Chris Freiberg (Chris F.), Saturday, 15 April 2006 21:18 (eighteen years ago) link

no lee i got it if you want to trade FOR it.

personally i think the art is awful and the story is terribly paced (no tension, all release) but there's some neat stuff in it for sure.

s1ocki (slutsky), Saturday, 15 April 2006 21:32 (eighteen years ago) link

I'm virtually blind, so I beg your pardon s1ocki! I'll hit up your email.

c(''c) (Leee), Saturday, 15 April 2006 21:52 (eighteen years ago) link

It's probably my favourite of the JLA storylines, the balance of re-using old ideas and great new ones and campy enjoyment (one of the covers has Batman yelling "Superman, stop! Luthor must escape or the Earth is doomed!") is perfect. It's certainly a excellent one to give people to see whether they'd like the whole series. The only other one that comes close (though they're all great) is World War III, because he does such fantastic endings.

Andrew Farrell (afarrell), Saturday, 15 April 2006 23:43 (eighteen years ago) link

I remember someone here once complaining that some comic just felt like kids playing with action figures - "and then they FITE and he's dead but NOT REALLY HA HA and then they ride DRAGONS!" and such - and that made me instantly think of "Rock Of Ages". It's good, but I'd be wary of over-hyping it, especially with the *wrong* kind of hype (i.e. emphasizing the Grant Morrison as Comic's Greatest Living Storyteller idea and minimizing the camp aspect.)

Daniel_Rf (Daniel_Rf), Sunday, 16 April 2006 10:01 (eighteen years ago) link

I started my rereading of DP last night-- made it halfway through the first storyline before it was time to go to bed. I was thinking of doing an "exegesis" of DP as a writing project last summer and now I'm rather glad I didn't, as it would have been a little bit premature! Reading "Crawling From the Wreckage" with the Scissormen as the baddies right after seeing The Matrix with the Agents as same makes me think that The Invisibles isn't the only GM comic that got borrowed from in its making. It's really amazing when you think about it-- not only do the DP have to defend reality from incursions by the notional world, but they have to defend real life from mechanization, all while sorting through their own issues and discovering the real possibilities and potentials of human life: Rebis, with hir unification of dualities through an application of spirit, discovering eternal life and a world of infinite possibilities for discovery and amusement as a result; Jane, with her 64 real possibilities of human action/character unified behind one purpose, discovering that "what normal people have" isn't necessarily so great; and Cliff, overcoming the mind/body divide by becoming one integrated mechanism, discovering that what it means to be really human has everything to do with humane action and nothing to do with clinging to preconceptions and idealizations.
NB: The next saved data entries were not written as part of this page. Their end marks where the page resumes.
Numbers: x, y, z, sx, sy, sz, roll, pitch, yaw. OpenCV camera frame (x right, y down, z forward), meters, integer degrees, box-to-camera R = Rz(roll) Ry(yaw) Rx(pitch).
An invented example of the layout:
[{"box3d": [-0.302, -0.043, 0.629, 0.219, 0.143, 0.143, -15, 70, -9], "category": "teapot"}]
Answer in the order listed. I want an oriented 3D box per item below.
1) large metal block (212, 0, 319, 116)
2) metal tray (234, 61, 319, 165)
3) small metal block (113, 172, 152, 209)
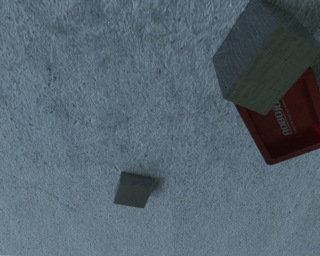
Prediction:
[{"box3d": [0.100, -0.073, 0.310, 0.050, 0.080, 0.079, 20, 127, -16], "category": "large metal block"}, {"box3d": [0.157, -0.015, 0.392, 0.090, 0.030, 0.130, -24, 126, 19], "category": "metal tray"}, {"box3d": [-0.043, 0.099, 0.491, 0.050, 0.025, 0.050, 12, 129, -11], "category": "small metal block"}]
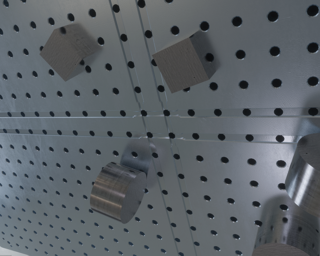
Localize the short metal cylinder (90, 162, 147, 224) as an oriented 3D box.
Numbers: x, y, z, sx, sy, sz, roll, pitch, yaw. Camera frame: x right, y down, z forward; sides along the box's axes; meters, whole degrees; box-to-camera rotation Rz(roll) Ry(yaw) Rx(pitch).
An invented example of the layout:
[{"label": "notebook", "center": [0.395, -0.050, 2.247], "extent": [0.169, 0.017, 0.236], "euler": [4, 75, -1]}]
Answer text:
[{"label": "short metal cylinder", "center": [-0.061, 0.097, 0.468], "extent": [0.050, 0.080, 0.079], "euler": [17, 125, 18]}]

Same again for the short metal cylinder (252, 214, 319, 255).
[{"label": "short metal cylinder", "center": [0.166, 0.161, 0.407], "extent": [0.080, 0.050, 0.079], "euler": [13, 124, 21]}]

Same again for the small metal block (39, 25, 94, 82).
[{"label": "small metal block", "center": [-0.126, -0.100, 0.416], "extent": [0.050, 0.025, 0.050], "euler": [47, 129, -6]}]

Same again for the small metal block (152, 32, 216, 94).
[{"label": "small metal block", "center": [0.027, -0.073, 0.352], "extent": [0.050, 0.025, 0.050], "euler": [-17, 110, 35]}]

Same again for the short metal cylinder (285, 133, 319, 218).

Chris Freiberg (Chris F.), Sunday, 16 April 2006 16:28 (eighteen years ago) link

the *wrong* kind of hype (i.e. emphasizing the Grant Morrison as Comic's Greatest Living Storyteller idea and minimizing the camp aspect

Yeah, the camp aspect is part of the fun of Grant Morrison, storyteller. I'm reminded of something Morrissey said in interview on the New York Doll DVD-- everybody has one artist that hit them at the right time growing up and who can never disappoint them. GM is certainly it for me, but that doesn't mean that I'd make his comics mandatory reading for everybody on the planet, or even everybody on ILC (though I don't know if there's anyone here who doesn't read his stuff at this point).

Chris Freiberg (Chris F.), Sunday, 16 April 2006 16:41 (eighteen years ago) link

I read some of Morrison's projects, but I'm not reading Seven Soldiers, and I doubt I'll be reading his Batman.
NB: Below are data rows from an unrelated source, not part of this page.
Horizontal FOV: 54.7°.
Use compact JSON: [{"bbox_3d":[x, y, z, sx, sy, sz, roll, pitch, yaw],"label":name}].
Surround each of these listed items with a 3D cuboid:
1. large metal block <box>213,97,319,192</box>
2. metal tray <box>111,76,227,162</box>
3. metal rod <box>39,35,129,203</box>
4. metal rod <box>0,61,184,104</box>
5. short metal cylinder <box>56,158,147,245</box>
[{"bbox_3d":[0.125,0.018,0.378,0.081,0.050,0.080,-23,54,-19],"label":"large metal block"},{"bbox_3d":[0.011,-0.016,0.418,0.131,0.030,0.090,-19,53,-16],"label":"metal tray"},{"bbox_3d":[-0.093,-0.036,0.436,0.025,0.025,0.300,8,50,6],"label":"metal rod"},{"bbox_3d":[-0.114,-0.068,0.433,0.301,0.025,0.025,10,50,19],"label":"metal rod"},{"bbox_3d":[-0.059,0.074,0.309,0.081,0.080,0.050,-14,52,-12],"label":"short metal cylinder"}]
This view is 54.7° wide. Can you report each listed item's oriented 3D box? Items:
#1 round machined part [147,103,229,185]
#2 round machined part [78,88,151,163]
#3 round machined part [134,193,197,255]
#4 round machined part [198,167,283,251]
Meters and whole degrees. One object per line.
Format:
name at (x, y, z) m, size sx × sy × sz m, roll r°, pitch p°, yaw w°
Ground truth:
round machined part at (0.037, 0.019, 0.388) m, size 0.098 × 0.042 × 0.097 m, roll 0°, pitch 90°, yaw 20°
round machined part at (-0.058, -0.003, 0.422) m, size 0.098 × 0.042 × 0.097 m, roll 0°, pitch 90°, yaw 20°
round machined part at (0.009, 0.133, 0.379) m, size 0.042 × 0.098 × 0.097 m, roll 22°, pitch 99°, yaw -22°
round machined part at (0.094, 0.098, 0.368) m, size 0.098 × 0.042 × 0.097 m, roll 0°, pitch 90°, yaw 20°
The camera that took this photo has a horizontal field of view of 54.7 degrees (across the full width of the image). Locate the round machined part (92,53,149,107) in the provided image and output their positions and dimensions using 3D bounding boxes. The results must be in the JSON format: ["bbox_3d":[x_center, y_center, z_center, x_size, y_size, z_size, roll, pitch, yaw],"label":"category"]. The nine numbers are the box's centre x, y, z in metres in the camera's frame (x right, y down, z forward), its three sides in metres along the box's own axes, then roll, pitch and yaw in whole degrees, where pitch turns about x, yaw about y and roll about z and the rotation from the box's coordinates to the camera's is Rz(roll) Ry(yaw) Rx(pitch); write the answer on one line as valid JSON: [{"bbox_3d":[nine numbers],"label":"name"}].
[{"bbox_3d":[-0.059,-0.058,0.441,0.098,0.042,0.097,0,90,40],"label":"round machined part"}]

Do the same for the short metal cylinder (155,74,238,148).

The Yellow Kid, Monday, 17 April 2006 04:36 (seventeen years ago) link

I read some of Morrison's projects

Which ones? I wanna read his Batman just because I'm thinking that his take on it is going to avoid the sort of "fascist" exclusion-from-the-human-race thing that Tuomas seems to be so worried about in regards to superheroes. I bet it's going to be fun-- hopefully they're'll be more "Batman thinks of everything" hijinx as well as science closet goodness.
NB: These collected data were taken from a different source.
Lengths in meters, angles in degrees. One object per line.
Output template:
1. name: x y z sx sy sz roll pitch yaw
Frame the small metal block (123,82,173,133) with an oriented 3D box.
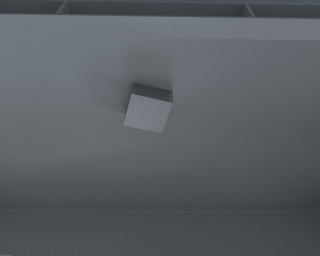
1. small metal block: -0.015 -0.024 0.388 0.050 0.025 0.050 12 129 -10
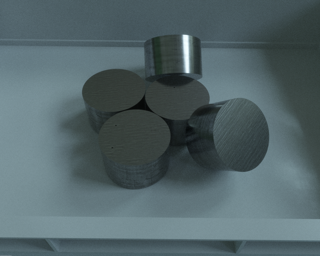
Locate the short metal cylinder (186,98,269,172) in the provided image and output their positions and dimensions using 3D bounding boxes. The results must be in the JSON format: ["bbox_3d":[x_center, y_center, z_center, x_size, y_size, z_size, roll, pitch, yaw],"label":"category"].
[{"bbox_3d":[0.077,0.009,0.354,0.081,0.050,0.080,3,85,-29],"label":"short metal cylinder"}]

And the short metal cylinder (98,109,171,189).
[{"bbox_3d":[-0.028,0.024,0.366,0.081,0.050,0.080,0,50,0],"label":"short metal cylinder"}]

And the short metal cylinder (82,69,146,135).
[{"bbox_3d":[-0.059,-0.034,0.414,0.081,0.050,0.080,0,50,0],"label":"short metal cylinder"}]

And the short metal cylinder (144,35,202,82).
[{"bbox_3d":[0.019,-0.095,0.438,0.081,0.080,0.050,-2,89,-2],"label":"short metal cylinder"}]

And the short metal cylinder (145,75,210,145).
[{"bbox_3d":[0.022,-0.024,0.407,0.081,0.050,0.080,0,50,0],"label":"short metal cylinder"}]
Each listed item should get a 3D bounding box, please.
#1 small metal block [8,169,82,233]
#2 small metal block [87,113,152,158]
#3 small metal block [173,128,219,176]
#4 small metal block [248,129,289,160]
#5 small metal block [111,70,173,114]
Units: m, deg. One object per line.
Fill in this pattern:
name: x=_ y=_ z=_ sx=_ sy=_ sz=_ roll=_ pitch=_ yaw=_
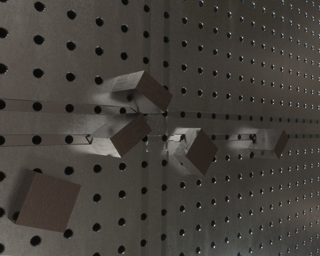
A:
small metal block: x=-0.116 y=0.074 z=0.314 sx=0.050 sy=0.025 sz=0.050 roll=28 pitch=73 yaw=-37
small metal block: x=-0.047 y=0.007 z=0.355 sx=0.050 sy=0.050 sz=0.025 roll=-42 pitch=116 yaw=-32
small metal block: x=0.054 y=0.035 z=0.457 sx=0.050 sy=0.025 sz=0.050 roll=47 pitch=62 yaw=-30
small metal block: x=0.197 y=0.028 z=0.561 sx=0.050 sy=0.050 sz=0.025 roll=-53 pitch=121 yaw=-27
small metal block: x=-0.022 y=-0.042 z=0.376 sx=0.050 sy=0.050 sz=0.025 roll=38 pitch=67 yaw=-34
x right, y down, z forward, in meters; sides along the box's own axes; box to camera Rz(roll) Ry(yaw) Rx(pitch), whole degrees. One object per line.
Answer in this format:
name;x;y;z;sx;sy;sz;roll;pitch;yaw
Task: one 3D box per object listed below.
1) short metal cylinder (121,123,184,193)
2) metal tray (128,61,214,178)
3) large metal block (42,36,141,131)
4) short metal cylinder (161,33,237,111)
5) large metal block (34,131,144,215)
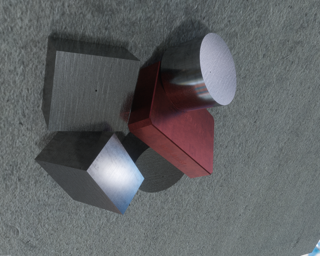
short metal cylinder;-0.008;0.039;0.413;0.081;0.050;0.079;-14;124;-21
metal tray;0.021;-0.006;0.376;0.030;0.090;0.130;-17;139;33
large metal block;-0.074;-0.043;0.322;0.081;0.050;0.079;1;118;-29
short metal cylinder;0.046;-0.062;0.354;0.080;0.050;0.080;12;74;-49
large metal block;-0.077;0.047;0.351;0.050;0.080;0.080;-59;139;-33
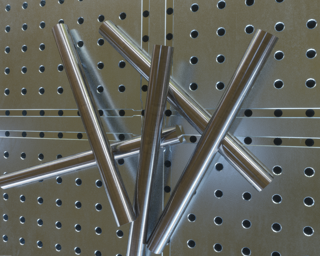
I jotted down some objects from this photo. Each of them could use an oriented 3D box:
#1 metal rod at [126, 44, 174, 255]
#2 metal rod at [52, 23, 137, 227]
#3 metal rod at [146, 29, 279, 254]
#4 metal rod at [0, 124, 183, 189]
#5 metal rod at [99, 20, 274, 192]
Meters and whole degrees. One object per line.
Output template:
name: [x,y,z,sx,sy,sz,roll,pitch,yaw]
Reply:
metal rod: [-0.016,0.048,0.394,0.025,0.025,0.298,12,103,19]
metal rod: [-0.095,-0.015,0.424,0.025,0.025,0.299,-27,74,17]
metal rod: [0.053,0.030,0.369,0.025,0.025,0.298,30,109,17]
metal rod: [-0.112,0.047,0.450,0.301,0.025,0.025,-16,85,18]
metal rod: [0.025,-0.037,0.403,0.300,0.025,0.025,46,104,14]
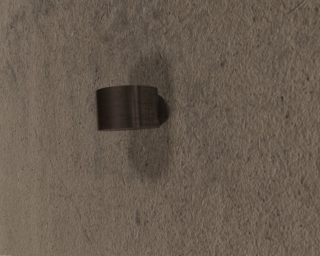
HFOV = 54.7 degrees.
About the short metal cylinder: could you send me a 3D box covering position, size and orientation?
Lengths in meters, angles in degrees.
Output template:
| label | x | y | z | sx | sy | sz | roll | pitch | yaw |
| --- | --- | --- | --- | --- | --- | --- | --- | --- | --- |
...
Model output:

Chris Freiberg (Chris F.), Monday, 17 April 2006 08:25 (seventeen years ago) link

"They're'll be"? Definitely time to stop for the night...

Chris Freiberg (Chris F.), Monday, 17 April 2006 08:26 (seventeen years ago) link

Off the top of my head:

Animal Man
Seaguy
We3
most of New X-Men
one trade of Doom Patrol
one or two trades of JLA
the first half of the Filth
one trade of the Invisibles
Arkham Asylum

The Yellow Kid, Monday, 17 April 2006 18:56 (seventeen years ago) link

Hmm. So what were your favorites and why, and what made you not want to read Seven Soldiers? Initially, I wasn't going to buy it either-- I was being a cheapskate though.

In other news, it feels like I'm embarking on a mature reading of DP finally as I wade through this stuff. "Exegesis" is stupid though-- it's better when it's unpacked but still not made explicit. Mum's the word from me on this shite from here on out, except to say that I'm cool with the ending of #63 again.

Chris Freiberg (Chris F.), Monday, 17 April 2006 22:34 (seventeen years ago) link

Really Liked: Animal Man, We3.
Kinda Liked: New X-Men, Doom Patrol.
Didn't Really Like: The rest.

Morrison's hit-and-miss for me, so I tend to pick up his comics only if it sounds like an interesting idea. I liked the idea of Seven Soldiers' structure, the 7 interlocking mini-series, but I never heard much about what it was actually about. I tend to only buy comics that I'm definitely interested in - I'm also a cheapskate. I picked up the first issue of Shining Knight after hearing good things, but I didn't think it was all that good, so I stopped there. I'll probably read Seven Soldiers if the library gets the trades, but I'm not going to buy them.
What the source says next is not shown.